* **Data entries**:
"""
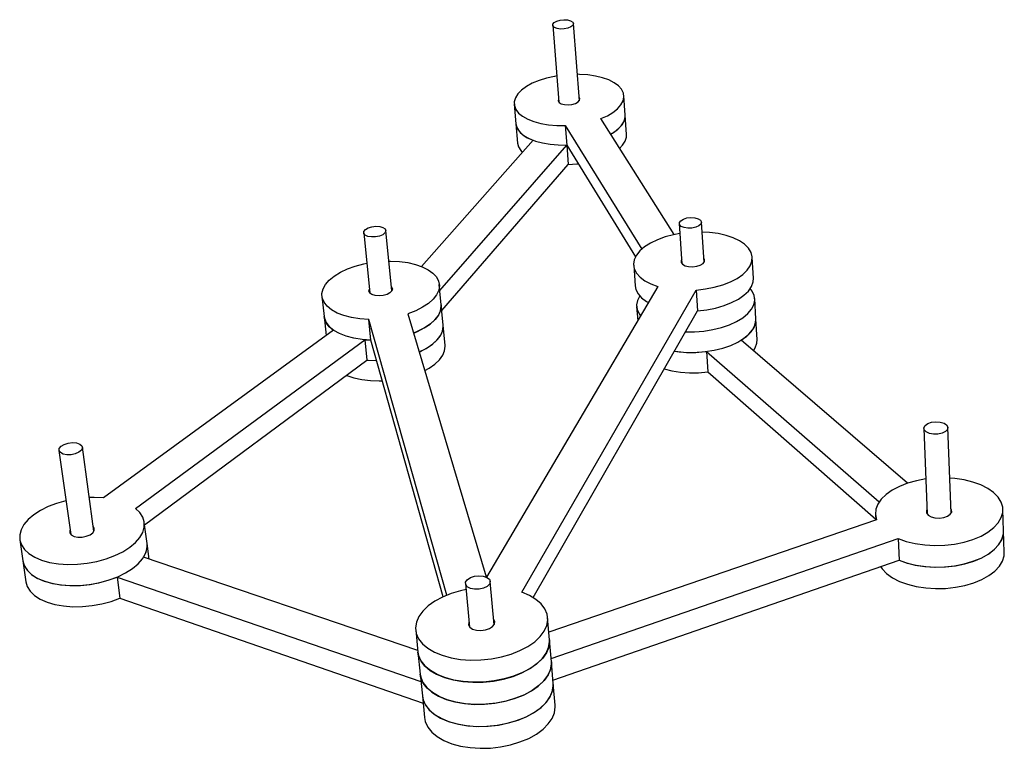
# Model space of a CAD drawing. Extents: x 460 to 669, y 548 to 703.
import ezdxf

# ---------------------------------------------------------------- set-up
doc = ezdxf.new("R2010")
doc.units = 0
doc.layers.get('0').update_dxf_attribs({"linetype": 'CONTINUOUS'})

msp = doc.modelspace()

# ---------------------------------------------------------------- linework, layer by layer
at = {"color": 7, "linetype": 'CONTINUOUS'}
for p, q in [((573.05, 701.83), (574.35, 685.44)), ((578.69, 685.78), (577.43, 702.17)), ((588.43, 682.72), (588.13, 686.85)), ((564.85, 685.02), (565.2, 680.89)), ((598.81, 657.33), (583.23, 681.97)), ((588.73, 678.6), (588.43, 682.72)), ((565.2, 680.89), (565.55, 676.78)), ((575.69, 680.52), (591.93, 654.24)), ((575.69, 680.52), (576.02, 676.37)), ((568.86, 677.38), (545.17, 650.58)), ((549.07, 645.45), (576.01, 676.37)), ((576.01, 676.37), (576.34, 672.23)), ((576.02, 676.37), (590.61, 652.6)), ((549.47, 641.19), (576.34, 672.23)), ((599.91, 659.67), (600.48, 651.14)), ((605.18, 651.45), (604.63, 659.99)), ((532.9, 657.73), (534.21, 644.9)), ((538.86, 645.36), (537.58, 658.19)), ((615.66, 648.11), (615.4, 652.5)), ((590.22, 650.82), (590.53, 646.44)), ((549.36, 642.4), (548.95, 646.74)), ((595.36, 646.32), (558.98, 584.57)), ((524.03, 644.25), (524.5, 639.91)), ((566.47, 581.35), (603.48, 645.55)), ((603.48, 645.55), (603.77, 641.14)), ((549.76, 638.08), (549.36, 642.4)), ((590.85, 642.08), (591.07, 639.04)), ((616.17, 639.39), (615.92, 643.74)), ((524.5, 639.91), (524.93, 635.89)), ((542.28, 640.51), (558.87, 584.61)), ((568.9, 580.21), (603.77, 641.14)), ((550.55, 580.73), (533.97, 639.31)), ((534.42, 634.94), (533.97, 639.31)), ((550.17, 633.79), (549.76, 638.08)), ((616.43, 635.06), (616.17, 639.39)), ((526.49, 637.02), (477.66, 601.41)), ((484.43, 599.15), (533.14, 635.01)), ((533.14, 635.01), (534.42, 634.94)), ((533.14, 635.01), (533.58, 630.67)), ((549.79, 580.4), (534.42, 634.94)), ((648.39, 604.53), (613.04, 634.91)), ((605.67, 632.51), (642.34, 600.54)), ((605.67, 632.51), (605.96, 628.16)), ((486.38, 595.69), (533.58, 630.67)), ((605.96, 628.16), (641.61, 596.85)), ((651.83, 616.15), (652.57, 597.94)), ((657.62, 598.13), (656.93, 616.35)), ((468.2, 611.5), (470.69, 593.62)), ((475.62, 594.31), (473.18, 612.18)), ((641.56, 597.94), (641.62, 596.71)), ((668.77, 594.39), (668.62, 598.96)), ((486.9, 591.72), (486.31, 596.2)), ((641.8, 596.77), (572.22, 572.89)), ((668.92, 589.84), (668.77, 594.39)), ((459.86, 592.52), (460.51, 588.04)), ((487.33, 588.38), (486.9, 591.72)), ((572.69, 567.3), (646.38, 592.75)), ((646.38, 592.75), (646.59, 588.16)), ((460.51, 588.04), (461.16, 583.58)), ((544.37, 569.01), (486.15, 588.79)), ((573.09, 562.65), (646.59, 588.16)), ((480.52, 584.58), (545.04, 562.42)), ((480.52, 584.58), (481.12, 580.09)), ((560.6, 574.46), (559.76, 583.67)), ((554.5, 583.18), (555.37, 573.97)), ((481.12, 580.09), (545.5, 557.81)), ((572.36, 571.27), (571.95, 575.96)), ((543.94, 573.34), (544.41, 568.65)), ((572.75, 566.6), (572.36, 571.27)), ((544.41, 568.65), (544.88, 563.98)), ((573.15, 561.95), (572.75, 566.6)), ((544.88, 563.98), (545.35, 559.34)), ((573.55, 557.33), (573.15, 561.95)), ((545.35, 559.34), (545.81, 554.72))]:
    msp.add_line(p, q, dxfattribs=at)
at = {"color": 7, "linetype": 'CONTINUOUS', "flags": 128}
for points in [[(576.18, 702.95), (576.83, 702.78), (577.27, 702.5), (577.43, 702.16), (577.3, 701.79), (576.89, 701.46), (576.25, 701.19), (575.48, 701.04), (574.68, 701.01), (573.95, 701.12), (573.39, 701.35), (573.09, 701.67), (573.08, 702.03), (573.35, 702.39), (573.89, 702.69), (574.6, 702.91), (575.4, 703), (576.18, 702.95)], [(573.9, 691.05), (573.39, 690.96), (571.7, 690.57), (570.13, 690.07), (568.7, 689.48), (567.46, 688.8), (566.43, 688.05), (565.65, 687.25), (565.12, 686.42), (564.87, 685.57), (564.9, 684.73), (565.2, 683.93), (565.79, 683.17), (566.63, 682.47), (567.72, 681.87), (569.02, 681.36), (570.5, 680.96), (572.14, 680.68), (573.88, 680.54), (575.69, 680.52)], [(583.23, 681.97), (584.63, 682.6), (585.83, 683.31), (586.8, 684.08), (587.52, 684.9), (587.97, 685.74), (588.14, 686.58), (588.03, 687.41), (587.64, 688.21), (586.98, 688.94), (586.07, 689.61), (584.94, 690.19), (583.6, 690.66), (582.1, 691.02), (580.46, 691.27), (578.73, 691.38), (578.26, 691.39)], [(574.29, 686.21), (574.23, 686.13), (574.17, 685.75), (574.39, 685.4), (574.86, 685.13), (575.52, 684.96), (576.31, 684.91), (577.11, 685)], [(577.11, 685), (577.85, 685.21), (578.41, 685.51), (578.75, 685.87), (578.81, 686.25), (578.63, 686.55)], [(585.32, 678.65), (585.72, 678.88), (586.77, 679.64), (587.58, 680.45), (588.13, 681.28), (588.41, 682.14), (588.43, 682.72)], [(585.32, 678.65), (586.13, 679.16), (587.1, 679.93), (587.82, 680.75), (588.27, 681.6), (588.44, 682.45), (588.43, 682.72)], [(565.2, 680.89), (565.41, 680.09), (565.89, 679.3), (566.64, 678.58), (567.63, 677.93), (568.86, 677.38)], [(565.2, 680.89), (565.24, 680.6), (565.55, 679.79), (566.13, 679.03), (566.98, 678.33), (568.06, 677.72), (569.36, 677.21), (570.84, 676.81), (572.47, 676.53), (574.21, 676.38), (576.02, 676.37)], [(587.23, 675.64), (587.88, 676.32), (588.43, 677.16), (588.7, 678.02), (588.73, 678.6)], [(565.55, 676.78), (565.75, 675.97), (566.23, 675.18), (566.58, 674.81)], [(576.34, 672.23), (578.16, 672.35), (578.46, 672.38)], [(603.23, 660.92), (603.94, 660.72), (604.43, 660.4), (604.63, 660), (604.5, 659.58), (604.07, 659.19), (603.4, 658.89), (602.58, 658.71), (601.71, 658.69), (600.92, 658.82), (600.31, 659.09), (599.96, 659.46), (599.93, 659.88), (600.21, 660.29), (600.77, 660.64), (601.53, 660.88), (602.39, 660.98), (603.23, 660.92)], [(536.31, 659.05), (536.99, 658.85), (537.43, 658.53), (537.58, 658.13), (537.41, 657.71), (536.95, 657.32), (536.26, 657.02), (535.43, 656.85), (534.57, 656.83), (533.8, 656.96), (533.23, 657.23), (532.93, 657.59), (532.94, 658.01), (533.26, 658.42), (533.85, 658.77), (534.63, 659.01), (535.48, 659.11), (536.31, 659.05)], [(600.05, 657.56), (598.68, 657.3), (596.9, 656.83), (595.26, 656.24), (593.8, 655.54), (592.55, 654.74), (591.54, 653.87), (590.81, 652.95), (590.36, 652), (590.21, 651.03), (590.36, 650.08), (590.82, 649.17), (591.57, 648.32), (592.59, 647.55), (593.87, 646.88), (595.36, 646.32)], [(603.48, 645.55), (605.44, 645.78), (607.34, 646.15), (609.12, 646.66), (610.75, 647.29), (612.18, 648.03), (613.38, 648.86), (614.31, 649.75), (614.97, 650.69), (615.33, 651.66), (615.39, 652.62), (615.14, 653.56), (614.6, 654.45), (613.77, 655.28), (612.68, 656.01), (611.36, 656.65), (609.83, 657.16), (608.14, 657.54), (606.32, 657.78), (604.76, 657.88)], [(600.58, 651.04), (601.13, 650.73), (601.88, 650.54), (602.74, 650.5), (603.6, 650.61), (604.37, 650.85), (604.95, 651.21), (605.27, 651.62), (605.29, 652.05), (605.12, 652.33)], [(533.97, 639.31), (532.09, 639.43), (530.32, 639.71), (528.7, 640.12), (527.28, 640.67), (526.08, 641.34), (525.14, 642.11), (524.47, 642.96), (524.1, 643.87), (524.03, 644.82), (524.26, 645.78), (524.78, 646.74), (525.58, 647.66), (526.65, 648.54), (527.94, 649.34), (529.44, 650.04), (531.11, 650.64), (532.9, 651.12), (533.56, 651.26)], [(538.22, 651.72), (538.61, 651.72), (540.47, 651.63), (542.24, 651.4), (543.87, 651.02), (545.33, 650.51), (546.58, 649.88), (547.59, 649.15), (548.34, 648.33), (548.8, 647.44), (548.96, 646.5), (548.82, 645.54), (548.39, 644.57), (547.66, 643.63), (546.66, 642.73), (545.41, 641.9), (543.94, 641.15), (542.28, 640.51)], [(600.42, 652.02), (600.33, 651.86), (600.31, 651.43), (600.58, 651.04)], [(603.77, 641.14), (605.73, 641.37), (607.62, 641.74), (609.4, 642.25), (611.02, 642.88), (612.45, 643.62), (613.64, 644.45), (614.58, 645.35), (615.23, 646.3), (615.59, 647.27), (615.66, 648.11)], [(538.77, 646.24), (538.78, 646.22), (538.98, 645.82), (538.87, 645.39), (538.48, 644.98), (537.85, 644.64), (537.05, 644.41), (536.18, 644.33), (535.35, 644.39), (534.66, 644.59), (534.19, 644.92), (534, 645.32), (534.1, 645.75), (534.12, 645.77)], [(590.53, 646.44), (590.68, 645.7), (591.14, 644.78), (591.88, 643.93), (592.91, 643.15), (593.34, 642.89)], [(591.57, 644.42), (591.5, 644.32), (591.02, 643.36), (590.84, 642.39), (590.97, 641.43), (591.39, 640.51), (591.69, 640.09)], [(601.22, 636.69), (603.13, 636.69), (605.1, 636.85), (607.02, 637.15), (608.85, 637.6), (610.55, 638.18), (612.07, 638.87), (613.38, 639.67), (614.43, 640.54), (615.22, 641.47), (615.72, 642.44), (615.92, 643.41), (615.81, 644.37), (615.41, 645.3), (614.99, 645.86)], [(549.36, 642.4), (549.37, 642.16), (549.23, 641.19), (548.8, 640.22), (548.07, 639.28), (547.07, 638.37), (545.83, 637.54), (544.36, 636.79), (543.49, 636.43)], [(543.49, 636.43), (544.29, 636.76), (545.76, 637.5), (547.02, 638.33), (548.03, 639.23), (548.77, 640.18), (549.22, 641.15), (549.37, 642.12), (549.36, 642.4)], [(534.42, 634.94), (532.54, 635.07), (530.78, 635.35), (529.16, 635.77), (527.74, 636.32), (526.54, 636.99), (525.6, 637.76), (524.94, 638.62), (524.57, 639.53), (524.5, 639.91)], [(524.5, 639.91), (524.56, 639.57), (524.91, 638.66), (525.57, 637.8), (526.49, 637.02)], [(544.69, 632.41), (544.71, 632.42), (546.18, 633.16), (547.44, 634), (548.45, 634.9), (549.18, 635.85), (549.63, 636.83), (549.78, 637.8), (549.76, 638.08)], [(544.69, 632.41), (544.94, 632.52), (546.38, 633.28), (547.6, 634.13), (548.57, 635.04), (549.27, 636), (549.67, 636.97), (549.77, 637.94), (549.76, 638.08)], [(598.87, 632.57), (599.57, 632.47), (601.47, 632.32), (603.42, 632.32), (605.38, 632.47), (607.3, 632.78), (609.13, 633.23), (610.82, 633.81), (612.34, 634.51), (613.64, 635.3), (614.7, 636.18), (615.48, 637.11), (615.98, 638.08), (616.18, 639.06), (616.17, 639.39)], [(613.04, 634.91), (614.22, 635.75), (615.14, 636.66), (615.77, 637.61), (616.12, 638.59), (616.17, 639.39)], [(545.86, 628.45), (546.8, 628.97), (548.02, 629.82), (548.98, 630.73), (549.67, 631.69), (550.08, 632.67), (550.18, 633.64), (550.17, 633.79)], [(615.66, 632.66), (616.03, 633.27), (616.37, 634.25), (616.43, 635.06)], [(598.87, 632.57), (599.85, 632.44), (601.76, 632.31), (603.72, 632.33), (605.67, 632.51)], [(533.58, 630.67), (535.48, 630.59), (535.65, 630.59)], [(533.58, 630.67), (533.86, 630.65), (535.65, 630.59)], [(529.21, 627.43), (529.3, 627.4), (530.81, 626.9), (532.49, 626.54), (534.31, 626.33), (536.21, 626.27), (536.86, 626.29)], [(596.7, 628.79), (598.33, 628.37), (600.14, 628.09), (602.05, 627.96), (604, 627.98), (605.96, 628.16)], [(655.33, 617.5), (656.12, 617.26), (656.67, 616.89), (656.92, 616.43), (656.82, 615.94), (656.4, 615.5), (655.69, 615.16), (654.81, 614.96), (653.88, 614.94), (653, 615.1), (652.32, 615.41), (651.92, 615.84), (651.84, 616.32), (652.11, 616.79), (652.69, 617.19), (653.49, 617.46), (654.41, 617.57), (655.33, 617.5)], [(471.94, 613.08), (472.64, 612.85), (473.07, 612.47), (473.19, 612.02), (472.96, 611.54), (472.43, 611.1), (471.67, 610.76), (470.77, 610.57), (469.86, 610.55), (469.06, 610.7), (468.49, 611.01), (468.21, 611.44), (468.27, 611.91), (468.66, 612.38), (469.32, 612.77), (470.16, 613.04), (471.08, 613.15), (471.94, 613.08)], [(652.27, 605.42), (652.23, 605.42), (650.24, 605.05), (648.36, 604.52), (646.63, 603.85), (645.11, 603.06), (643.82, 602.15), (642.8, 601.15), (642.07, 600.09), (641.66, 598.99), (641.57, 597.87), (641.8, 596.77)], [(646.38, 592.75), (648.11, 592.14), (650.01, 591.69), (652.03, 591.4), (654.14, 591.29), (656.26, 591.35), (658.36, 591.59), (660.38, 592.01), (662.26, 592.58), (663.97, 593.29), (665.45, 594.13), (666.69, 595.08), (667.63, 596.11), (668.27, 597.2), (668.59, 598.31), (668.58, 599.43), (668.24, 600.52), (667.59, 601.56), (666.64, 602.53), (665.41, 603.4), (663.94, 604.15), (662.26, 604.76), (660.41, 605.22), (658.43, 605.52), (657.34, 605.62)], [(469.69, 600.8), (469.63, 600.79), (467.7, 600.23), (465.9, 599.54), (464.28, 598.72), (462.86, 597.8), (461.68, 596.8), (460.77, 595.73), (460.16, 594.64), (459.86, 593.53), (459.88, 592.45), (460.21, 591.41), (460.87, 590.44), (461.82, 589.56), (463.05, 588.8), (464.52, 588.18), (466.21, 587.71), (468.07, 587.41), (470.05, 587.28), (472.11, 587.32), (474.19, 587.53), (476.25, 587.92), (478.22, 588.47), (480.07, 589.16), (481.75, 589.97), (483.21, 590.9), (484.42, 591.91), (485.35, 592.98), (485.98, 594.08), (486.3, 595.19), (486.3, 596.28), (485.98, 597.31), (485.35, 598.28), (484.43, 599.15), (484.43, 599.15)], [(477.66, 601.41), (475.7, 601.51), (474.64, 601.49)], [(652.53, 598.96), (652.41, 598.71), (652.42, 598.21), (652.75, 597.75)], [(652.75, 597.75), (653.37, 597.39), (654.19, 597.17), (655.12, 597.11), (656.04, 597.23), (656.85, 597.51), (657.44, 597.91), (657.75, 598.39), (657.73, 598.89), (657.58, 599.16)], [(470.55, 594.61), (470.48, 594.44), (470.48, 593.95), (470.79, 593.53), (471.39, 593.21), (472.19, 593.05), (473.1, 593.06), (474, 593.24), (474.8, 593.56), (475.39, 594), (475.7, 594.49), (475.7, 594.97), (475.49, 595.29)], [(646.59, 588.16), (648.14, 587.6), (650.02, 587.13), (652.03, 586.83), (654.13, 586.7), (656.25, 586.75), (658.34, 586.97), (660.36, 587.37), (662.26, 587.93), (663.98, 588.63), (665.48, 589.47), (666.74, 590.41), (667.71, 591.43), (668.37, 592.52), (668.72, 593.64), (668.77, 594.39)], [(646.59, 588.16), (648.31, 587.55), (650.2, 587.1), (652.22, 586.81), (654.32, 586.7), (656.44, 586.76), (658.53, 587), (660.54, 587.41), (662.42, 587.99), (664.13, 588.7), (665.61, 589.55), (666.84, 590.5), (667.78, 591.53), (668.42, 592.62), (668.74, 593.74), (668.77, 594.39)], [(460.51, 588.04), (460.53, 587.96), (460.87, 586.92), (461.52, 585.94), (462.47, 585.07), (463.69, 584.31), (465.17, 583.68), (466.85, 583.21), (468.71, 582.9), (470.68, 582.77), (472.74, 582.81), (474.82, 583.02), (476.86, 583.41), (478.84, 583.96), (480.68, 584.65), (482.35, 585.47), (483.81, 586.4), (485.01, 587.41), (485.94, 588.48), (486.57, 589.59), (486.89, 590.7), (486.9, 591.72)], [(486.15, 588.79), (486.69, 589.9), (486.92, 591.01), (486.9, 591.72)], [(642.65, 586.8), (642.99, 586.31), (643.93, 585.32), (645.16, 584.44), (646.64, 583.67), (648.34, 583.04), (650.22, 582.57), (652.22, 582.26), (654.31, 582.13), (656.43, 582.18), (658.52, 582.4), (660.53, 582.8), (662.42, 583.36), (664.14, 584.06), (665.64, 584.9), (666.89, 585.85), (667.86, 586.88), (668.52, 587.97), (668.87, 589.09), (668.92, 589.84)], [(460.51, 588.04), (460.82, 587.01), (461.44, 586.03), (462.37, 585.14), (463.57, 584.37), (465.02, 583.73), (466.69, 583.25), (468.53, 582.92), (470.5, 582.77), (472.55, 582.8), (474.63, 583), (476.68, 583.37), (478.66, 583.9), (480.52, 584.58)], [(461.16, 583.58), (461.47, 582.55), (462.09, 581.56), (463.01, 580.67), (464.21, 579.89), (465.66, 579.25), (467.33, 578.76), (469.16, 578.44), (471.13, 578.28), (473.17, 578.31), (475.24, 578.51), (477.29, 578.88), (479.27, 579.41), (481.12, 580.09)], [(558.29, 584.78), (559.06, 584.52), (559.58, 584.11), (559.76, 583.61), (559.59, 583.09), (559.09, 582.6), (558.32, 582.24), (557.39, 582.03), (556.42, 582.01), (555.55, 582.18), (554.9, 582.53), (554.55, 582.99), (554.54, 583.51), (554.89, 584.02), (555.54, 584.46), (556.4, 584.75), (557.36, 584.86), (558.29, 584.78)], [(554.62, 581.93), (553.43, 581.67), (551.45, 581.07), (549.62, 580.32), (547.98, 579.44), (546.58, 578.44), (545.45, 577.35), (544.61, 576.2), (544.1, 575), (543.91, 573.8), (544.07, 572.62), (544.56, 571.48), (545.38, 570.43), (546.51, 569.47), (547.92, 568.64), (549.58, 567.96), (551.44, 567.44), (553.47, 567.1), (555.61, 566.95), (557.8, 566.98), (560, 567.21), (562.15, 567.63), (564.2, 568.21), (566.08, 568.96), (567.77, 569.84), (569.21, 570.85), (570.38, 571.94), (571.24, 573.11), (571.77, 574.3), (571.97, 575.51), (571.83, 576.69), (571.35, 577.83), (570.55, 578.88), (569.46, 579.83), (568.08, 580.66), (566.47, 581.35), (566.47, 581.35)], [(555.27, 575.06), (555.21, 574.94), (555.15, 574.4), (555.43, 573.91)], [(555.43, 573.91), (556.01, 573.52), (556.82, 573.28), (557.77, 573.22), (558.74, 573.34), (559.61, 573.64), (560.28, 574.07), (560.67, 574.59), (560.72, 575.13), (560.5, 575.55)], [(544.41, 568.65), (544.54, 567.93), (545.04, 566.79), (545.86, 565.72), (546.98, 564.76), (548.39, 563.93), (550.04, 563.24), (551.9, 562.72), (553.92, 562.38), (556.05, 562.22), (558.25, 562.26), (560.44, 562.49), (562.58, 562.9), (564.62, 563.49), (566.5, 564.24), (568.18, 565.13), (569.62, 566.13), (570.78, 567.23), (571.64, 568.4), (572.17, 569.6), (572.37, 570.81), (572.36, 571.27)], [(572.36, 571.27), (572.37, 570.88), (572.19, 569.67), (571.68, 568.47), (570.84, 567.3), (569.7, 566.2), (568.28, 565.18), (566.61, 564.29), (564.74, 563.53), (562.71, 562.93), (560.57, 562.51), (558.37, 562.27), (556.18, 562.22), (554.04, 562.36), (552.02, 562.7), (550.14, 563.21), (548.48, 563.88), (547.06, 564.71), (545.91, 565.66), (545.08, 566.72), (544.56, 567.86), (544.41, 568.65)], [(572.75, 566.6), (572.77, 566.21), (572.59, 565), (572.08, 563.79), (571.25, 562.62), (570.11, 561.51), (568.69, 560.49), (567.02, 559.59), (565.16, 558.83), (563.13, 558.23), (561, 557.81), (558.81, 557.57), (556.63, 557.52), (554.49, 557.67), (552.47, 558), (550.6, 558.52), (548.94, 559.2), (547.52, 560.03), (546.38, 560.98), (545.55, 562.05), (545.03, 563.19), (544.88, 563.98)], [(544.88, 563.98), (545, 563.31), (545.48, 562.16), (546.28, 561.09), (547.39, 560.12), (548.78, 559.28), (550.42, 558.58), (552.27, 558.05), (554.28, 557.69), (556.4, 557.53), (558.58, 557.56), (560.77, 557.78), (562.91, 558.18), (564.95, 558.76), (566.84, 559.5), (568.52, 560.39), (569.97, 561.4), (571.14, 562.5), (572.01, 563.66), (572.56, 564.87), (572.77, 566.08), (572.75, 566.6)], [(545.35, 559.34), (545.47, 558.67), (545.94, 557.51), (546.75, 556.44), (547.85, 555.46), (549.24, 554.61), (550.88, 553.91), (552.72, 553.38), (554.73, 553.02), (556.84, 552.86), (559.02, 552.88), (561.21, 553.1), (563.34, 553.51), (565.37, 554.09), (567.25, 554.83), (568.94, 555.72), (570.38, 556.73), (571.54, 557.83), (572.41, 559.01), (572.95, 560.22), (573.16, 561.44), (573.15, 561.95)], [(545.35, 559.34), (545.52, 558.49), (546.04, 557.35), (546.89, 556.28), (548.05, 555.33), (549.47, 554.5), (551.14, 553.82), (553.01, 553.31), (555.04, 552.98), (557.17, 552.85), (559.35, 552.9), (561.53, 553.15), (563.65, 553.58), (565.67, 554.19), (567.52, 554.96), (569.17, 555.87), (570.57, 556.89), (571.69, 558.01), (572.51, 559.19), (573.01, 560.4), (573.17, 561.62), (573.15, 561.95)], [(545.81, 554.72), (545.98, 553.87), (546.51, 552.72), (547.36, 551.65), (548.51, 550.69), (549.93, 549.86), (551.6, 549.18), (553.46, 548.67), (555.48, 548.34), (557.61, 548.2), (559.79, 548.25), (561.96, 548.5), (564.08, 548.93), (566.08, 549.54), (567.93, 550.31), (569.58, 551.22), (570.97, 552.25), (572.1, 553.37), (572.91, 554.55), (573.4, 555.77), (573.56, 556.99), (573.55, 557.33)]]:
    msp.add_lwpolyline(points, dxfattribs=at)

doc.saveas('drawing.dxf')
"""
* **Work instruction**:
The expected answer is every line in the data above that carries the string "color".

* **Task solution**:
at = {"color": 7, "linetype": 'CONTINUOUS'}
at = {"color": 7, "linetype": 'CONTINUOUS', "flags": 128}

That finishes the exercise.